Okay, OKAY, I’ll take “I did it all for the nookie” off my résumé.
“stop making a mountain out of a molehill” I don’t even know what that means Bethany maybe see a dermatologist
What do you call a priest that graduated from law school
Father in Law
LOCAL BOTS ARE SICK AND TIRED OF PRETENDING TO BE HOT LOCAL SINGLES AND WANT YOU TO ACCEPT THEM AS THEY ARE; LINES OF CODE AND NOTHING MORE
mariah carrie
Son, I’m not a mad scientist, just a disappointed scientist.
PATIENT: i just feel like something is missing from my life
THERAPIST: [is a cat] have you tried biting plastic
While Taylor Swift’s boyfriends were exported overseas during the Trump years, only during Joe Biden’s administration were we able to bring this job back to the United States.
If I wanted to insult a humpback whale I’d call it a ‘quasimofo’ then I would high five myself and probably drown idk I haven’t thought this through.
The reason fish come wrapped in newspaper is because the easiest way to catch them is to sneak up on them when they’re reading.
I’m at that stage in life where my bladder is at its weakest and my phobia of public toilets is at its strongest.
(Guy who has only seen Les Miserables and Aladdin watching a third movie) When does he steal the bread?
Catcaller: I wanna go wherever you’re going baby.
Me: Sure! I could use some help hiding the bodies.
*putting a top hat on my dog*
Dog: *thinking* Like I don’t already have enough reasons to kill you in your sleep.
{At the last supper}
Group- “can you believe jesus just turned this water into wine!”
Me- {cutting up lines of table salt} “jesus, could you do me a favor?”
If you text your boss that you can’t come in and include the poop emoji, he doesn’t ask any questions.
GIRL: l’m tired of bad boys and their bs. I want a good boy, for a change.
ME [clearly a golden retriever]: *turns to camera and winks*
WIFE: I’m pregnant
ME: oh god no
WIFE: I’m kidding
ME: I heard you the first time
An attorney is a lot like a Dominatrix.
You don’t want to be seen with them in public, but they’re handy when you’re in cuffs.

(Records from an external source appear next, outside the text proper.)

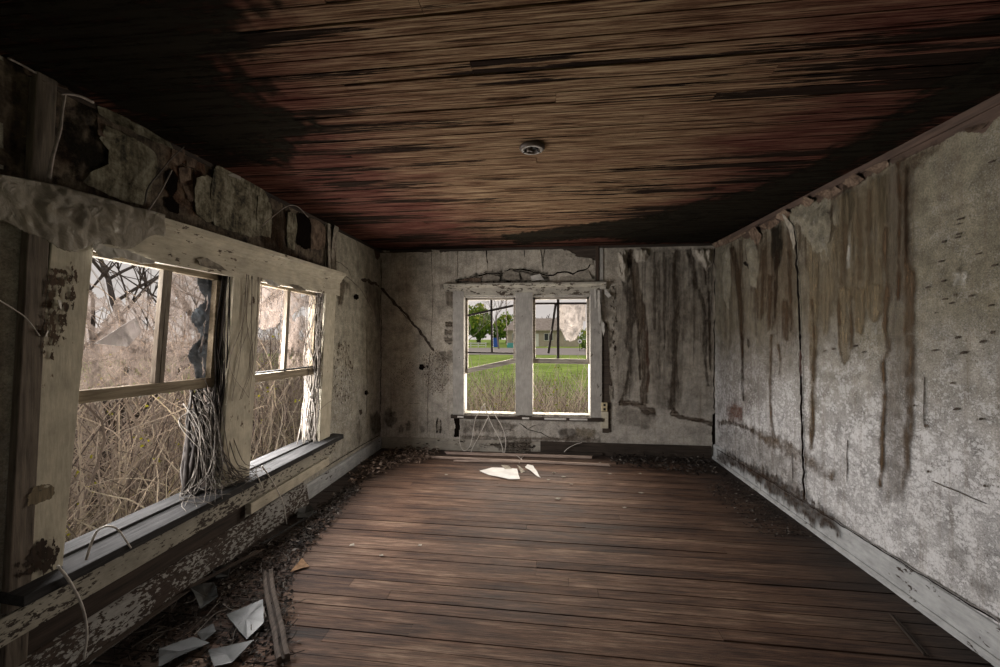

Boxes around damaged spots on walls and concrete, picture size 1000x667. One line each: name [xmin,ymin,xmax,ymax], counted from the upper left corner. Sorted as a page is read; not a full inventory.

spalling [171,148,198,206]
peeling [37,266,79,360]
spalling [311,218,331,269]
crack [326,252,435,467]
leakage [501,51,1000,487]
crack [717,214,1000,623]
peeling [27,484,55,506]
peeling [16,538,60,578]
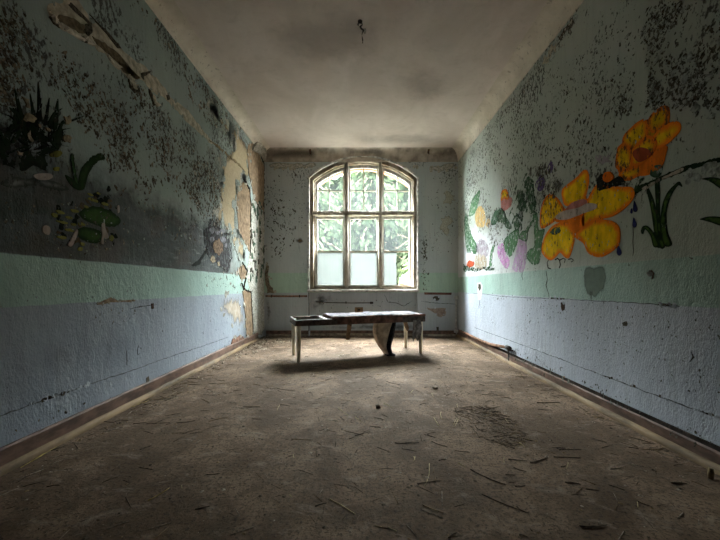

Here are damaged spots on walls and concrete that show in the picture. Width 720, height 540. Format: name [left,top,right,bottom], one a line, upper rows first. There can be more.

peeling [0,0,306,346]
peeling [467,0,720,200]
crack [1,337,228,416]
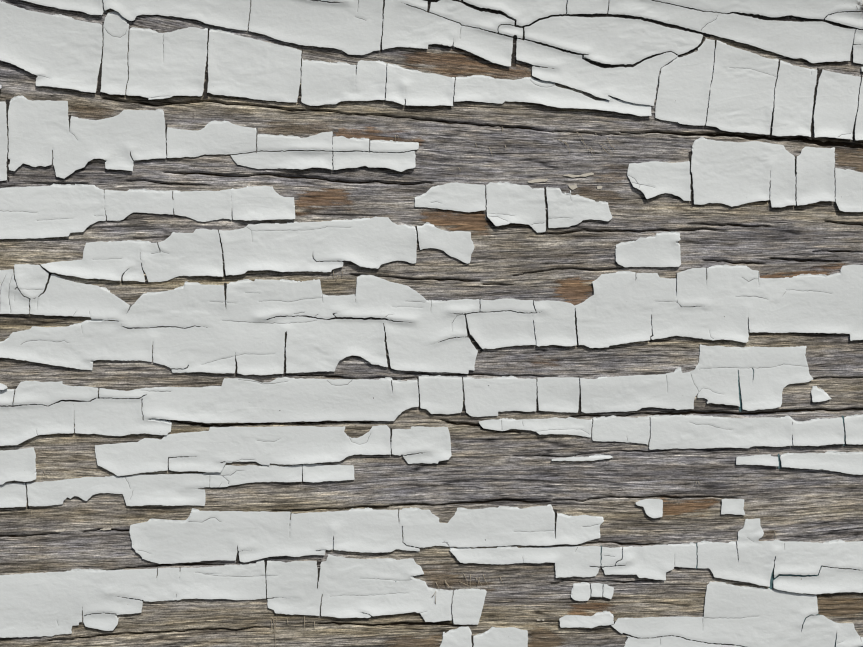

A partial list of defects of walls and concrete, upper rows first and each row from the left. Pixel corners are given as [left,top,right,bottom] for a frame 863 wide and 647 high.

crack [3,99,11,182]
peeling [0,0,863,212]
crack [96,0,863,221]
peeling [415,172,612,233]
crack [532,187,770,235]
crack [0,265,52,309]
crack [123,217,863,457]
crack [0,390,171,420]
peeling [0,183,863,647]
crack [167,420,422,489]
crack [769,565,856,589]
crack [623,633,745,647]
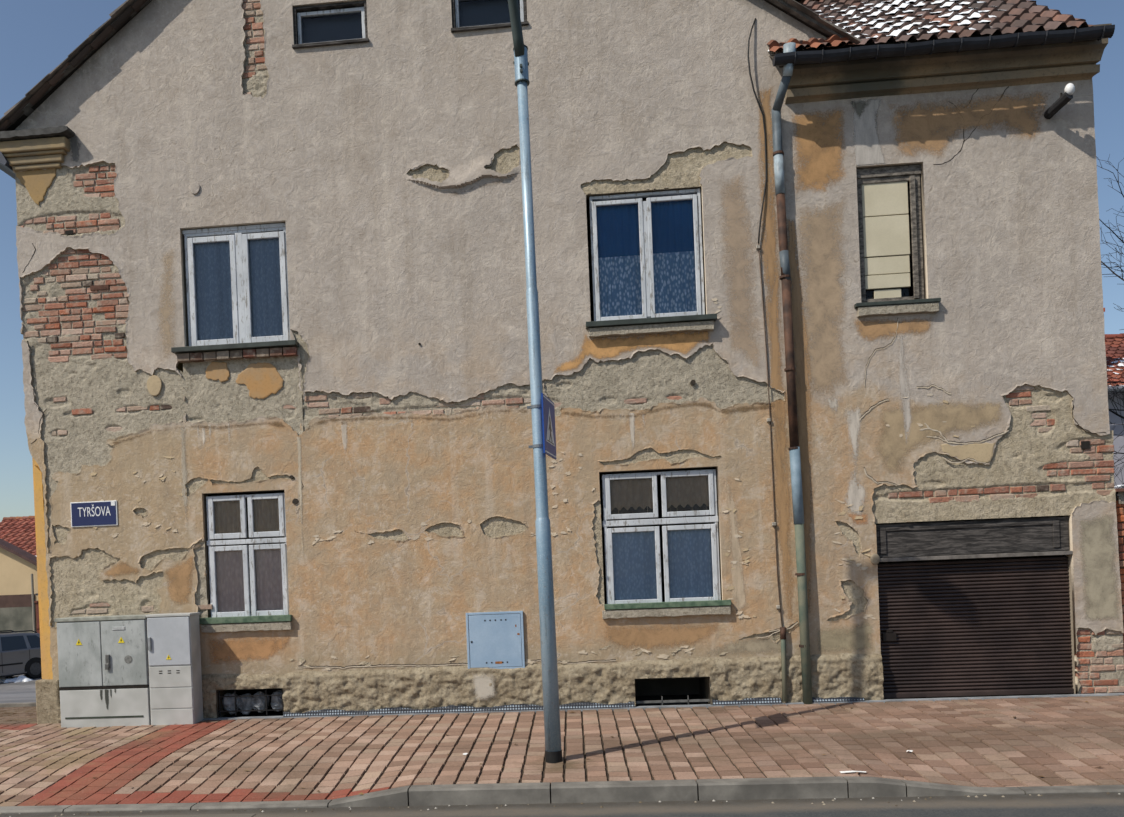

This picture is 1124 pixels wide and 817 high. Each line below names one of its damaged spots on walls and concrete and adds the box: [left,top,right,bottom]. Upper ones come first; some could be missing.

flaking render [240,0,270,99]
peeling [893,93,1045,155]
flaking render [485,143,521,174]
flaking render [580,140,754,198]
flaking render [15,159,786,629]
flaking render [826,382,1116,623]
flaking render [1074,627,1124,694]

So when a cat pounces on a stranger’s lap and demands tickles it’s “cute” but when I do it I’m “causing trouble in Starbucks” again. Jeez!
Muscle memory, but it’s the Amazon driver pulling up to my house on the odd day he doesn’t have a package for us.

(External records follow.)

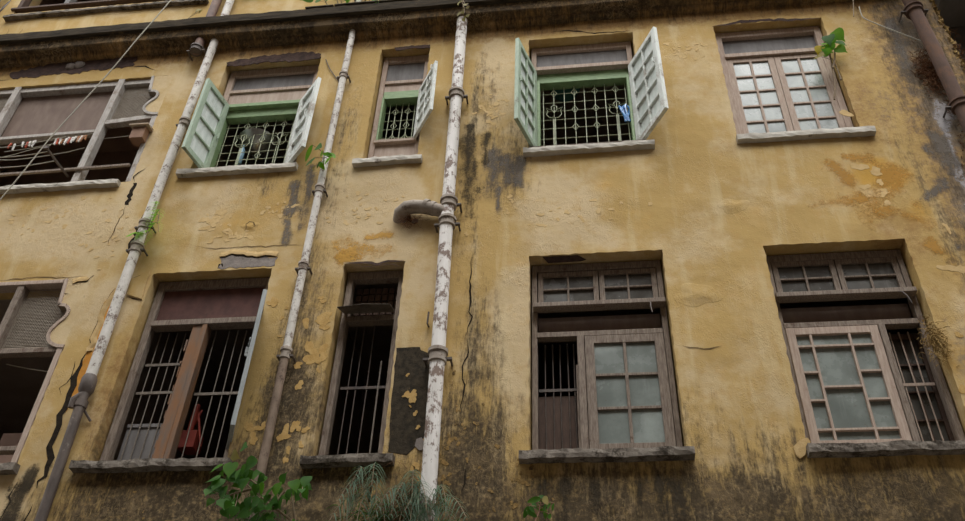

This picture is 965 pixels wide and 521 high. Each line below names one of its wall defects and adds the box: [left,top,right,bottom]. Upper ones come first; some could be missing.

damp [458,124,526,218]
peeling [850,163,891,206]
spalling [218,255,278,270]
crack [460,257,473,413]
peeling [402,389,424,440]
damp [636,471,689,521]
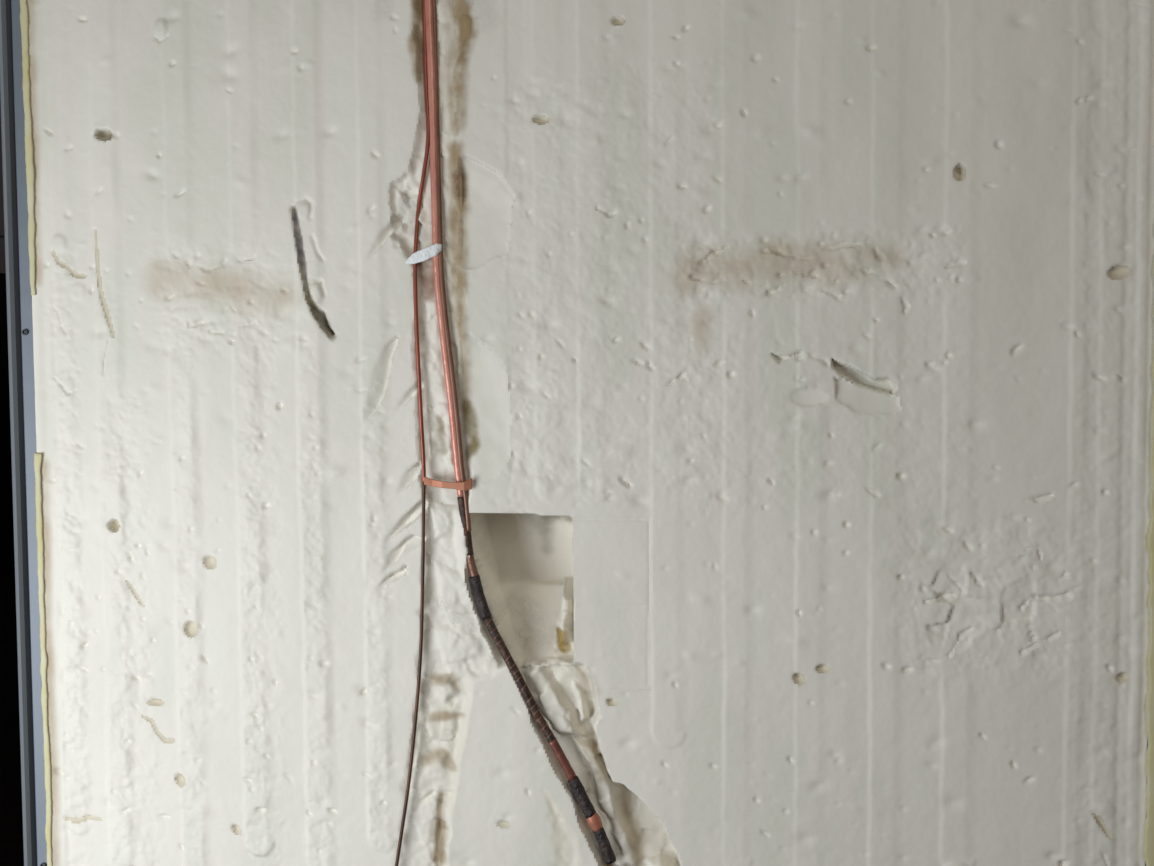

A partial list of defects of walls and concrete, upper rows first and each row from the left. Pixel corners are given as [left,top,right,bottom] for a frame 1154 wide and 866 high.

leakage [454,0,472,96]
leakage [450,145,465,290]
leakage [464,403,478,453]
spalling [388,0,682,866]
spalling [833,360,902,417]
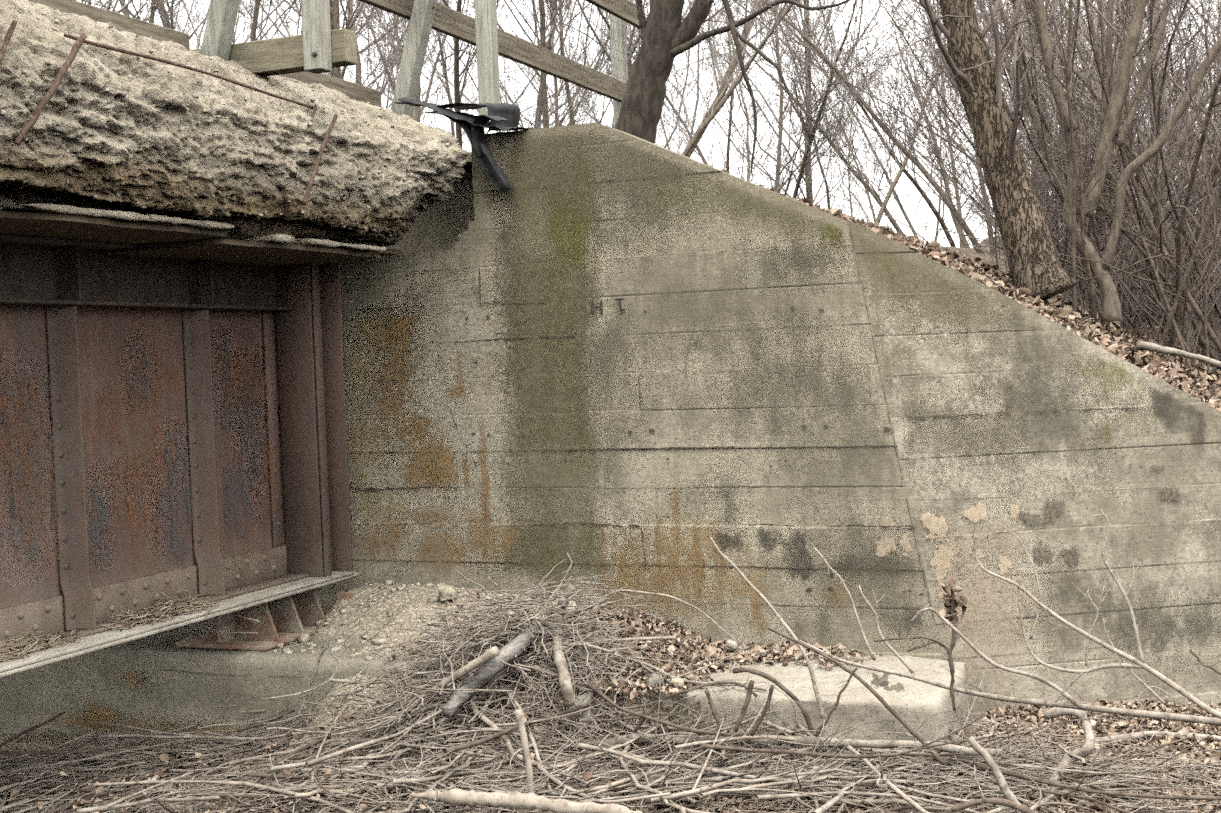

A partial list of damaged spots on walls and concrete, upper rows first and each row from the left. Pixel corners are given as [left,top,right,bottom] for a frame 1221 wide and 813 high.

spalling [0,0,468,247]
rust [403,412,467,490]
peeling [961,501,987,522]
peeling [875,512,1014,594]
rust [73,701,119,733]

My laptop is like my sex life, the data is corrupted.
my friend who moved to kentucky asked me what the average price of homes were in my area, so I told him about $850k & he said “that’s insane, do u know what u can buy for $850k in kentucky?” and I was like “probably kentucky”
medium: so you want to contact your wife
me: I can still hear her voice
wife: [howling] let me iiiiiin
me: it’s like she’s watching me
wife: [through window] I forgot my keys
As an imaginary forensic pathologist I’m pretty disappointed in how many full fingerprints I left on the scotch tape while wrapping presents.
[the ghost of christmas future points at my grave] finally im dead [i lay down in the grave] stop kicking me ghost im not learning anything
Me: Says here you’re a house flipper. So you renovate and resell them, huh?